The card is certainly a shrinking, or a fragmentation. It does not and cannot give an image that encompasses everything about a place. Through the fragment, however, the receiver of the card reads the "spatial phrasing" in order to get a sense of what life is like in a certain place.One house stands for a multitude of houses of its type. The blue truck stands for the whole street. The street stands for Havana. Havana stands for Cuba. A postcard is a series of synecdoches, each fragment expanding and amplifying detail, composing a rhetorical whole.

Works Cited

Certeau, Michel de. "Walking in the City." The Practice of Everyday Life. Trans. Steven Rendall. Berkeley: U of California P, 1984. Amazon Kindle Edition. 











Sunday, March 16, 2014

I have been thinking a lot about maps recently. Maps provide instruction (how to get from Point A to Point B) and information (how far Location A is from Location B).One of the first things I do on a road trip is set the trip meter; I want to know exactly how far I've traveled. In Angels' Town, Ralph Cintron writes:
This map is a kind of text or, better yet, a good example of the discourses of measurement. Measurement, of course, is central to a map since everything is drawn to scale. A certain length of real space becomes one inch of map space. With this reduction, then, we understand a whole system of reductions: for instance, on this map height and depth disappear and become flat; details of the terrain--trees, alleys, sidewalks, houses--disappear, and the ways to traverse a city become prominent. In a sense, numerous locales are washed of their reality, and what is left is their abstractness held in relationship to each other. (17; my italics)
As one might expect, maps play a role in a project like Postcrossing. Every person's profile on the site has a graphic like this, that pinpoints the location of their mailbox. The mailbox in this case serves as synecdoche for the user: my mailbox is here, therefore I am here.

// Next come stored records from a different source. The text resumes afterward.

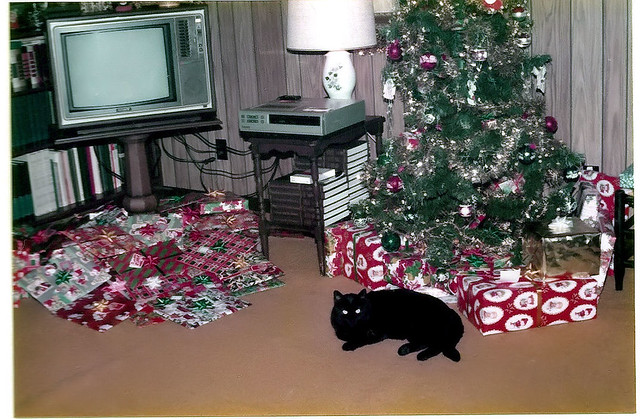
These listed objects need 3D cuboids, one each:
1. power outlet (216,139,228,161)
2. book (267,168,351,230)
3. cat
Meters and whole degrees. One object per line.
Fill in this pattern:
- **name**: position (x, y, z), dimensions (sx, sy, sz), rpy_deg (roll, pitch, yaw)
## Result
- **power outlet**: position (-0.953, -0.571, 4.811), dimensions (0.139, 0.204, 0.030), rpy_deg (5, 18, 25)
- **book**: position (-0.091, -0.085, 3.862), dimensions (0.529, 0.293, 0.514), rpy_deg (3, 11, 32)
- **cat**: position (0.431, 0.652, 2.877), dimensions (0.652, 0.243, 0.405), rpy_deg (1, 32, 3)

Of course, the map is interactive and the user can zoom in to a more exact approximation of the location. 


This is as close as a casual browser of a profile can get. Once a user has an address, however, the address can be easily searched on Google maps. If someone gets my address and is curious, they can see what my house looks like or, more accurately, what it looked like the day Google recorded it. 

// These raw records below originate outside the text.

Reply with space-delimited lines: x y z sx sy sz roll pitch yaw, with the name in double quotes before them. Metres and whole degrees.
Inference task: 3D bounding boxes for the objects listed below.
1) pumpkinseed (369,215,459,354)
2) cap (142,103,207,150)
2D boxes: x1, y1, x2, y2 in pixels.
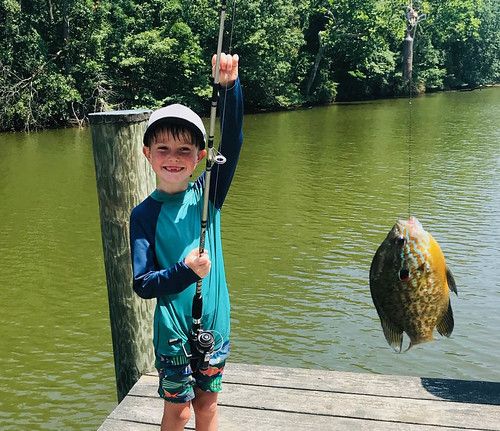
"pumpkinseed" 0.887 0.402 4.135 0.427 0.786 0.131 0 15 6
"cap" -0.441 -0.516 4.377 0.370 0.268 0.201 -3 14 -7

Cintron notes: "In a sense, numerous locales are washed of their reality, and what is left is their abstractness held in relationship to each other." Postcrossing flips this idea in a couple of ways. Because it is reliant upon both digital media and a tangible object, locales that would normally be abstract become more real. The act of sending or receiving the tangible object (the postcard) mitigates abstraction. The text of the map is superimposed on and melded with the text of the postcard. The text of the postcard can be broken down into several subtexts: the image, the handwritten message, the stamps, and any decoration the sender might use.


This card is for a Round Robin I participate in frequently. It's based on the alphabet, so the card must match the given letter in some way. The little rat drawing is there because this member collects rats drawn by fellow Postcrossers. If a map is a discourse of measurement, as Cintron contends, then a postcard traversing that distance closes the distance gap. If I can hold an object in my hand and read what the sender has to say about the image or what they did that day or, if they've bought the card while on vacation, what their trip was like, I no longer view the country of origin as an abstract. For example, Ukraine and Malaysia are in the news quite a lot recently. In the past, I may or may not have paid much attention to what was happening there depending on my level of interest in the place or events. Now, I "know" people who live in those countries. I wonder if the people I've met are affected. Although the postcard image is as flat and two-dimensional as a map, it is made much richer, much more tangible, with the inclusion of the personal touch of the sender. 

Works Cited

Cintron, Ralph. Angels' Town: Chero Ways, Gang Life, and the Rhetorics of the Everyday. Boston: Beacon, 1997. Print.